ACTIVITY => Apart from the pictures, write out the records that follow exactly.

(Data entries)

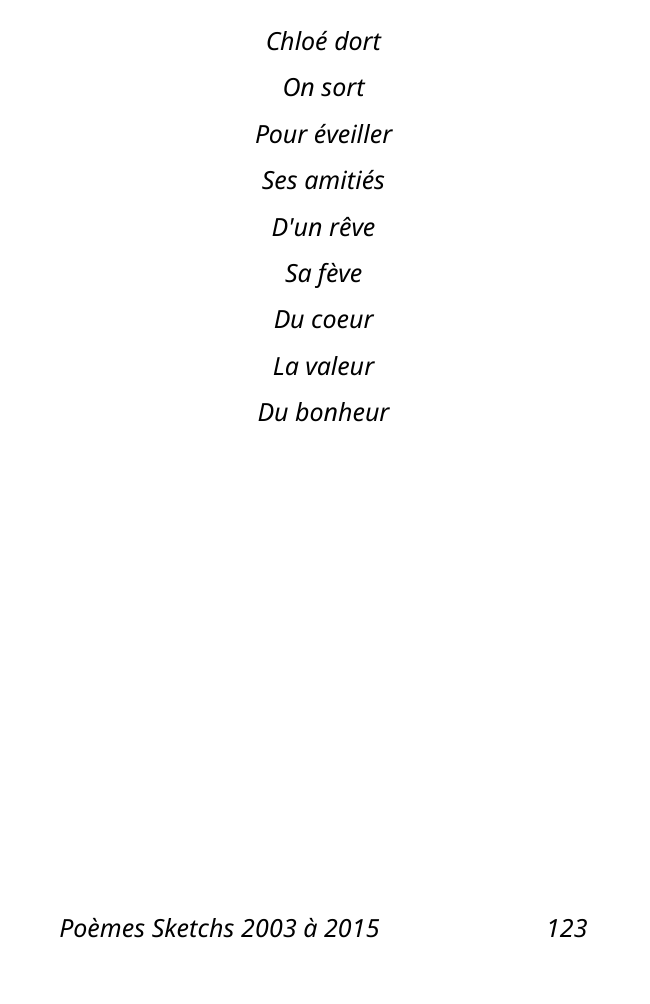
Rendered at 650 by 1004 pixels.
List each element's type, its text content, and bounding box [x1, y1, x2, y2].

text D'un rêve [59, 209, 591, 243]
text Du bonheur [59, 395, 591, 429]
text La valeur [59, 349, 591, 383]
text Ses amitiés [59, 163, 591, 197]
text On sort [59, 70, 591, 104]
text Du coeur [59, 302, 591, 336]
text Sa fève [59, 256, 591, 290]
text Chloé dort [59, 24, 591, 58]
text Pour éveiller [59, 117, 591, 151]

EXPECTED OUTPUT =>
Rendered at 650 by 1004 pixels.
List each element's type, its text content, and bounding box [x1, y1, x2, y2].

text D'un rêve [59, 209, 591, 243]
text Du bonheur [59, 395, 591, 429]
text La valeur [59, 349, 591, 383]
text Ses amitiés [59, 163, 591, 197]
text On sort [59, 70, 591, 104]
text Du coeur [59, 302, 591, 336]
text Sa fève [59, 256, 591, 290]
text Chloé dort [59, 24, 591, 58]
text Pour éveiller [59, 117, 591, 151]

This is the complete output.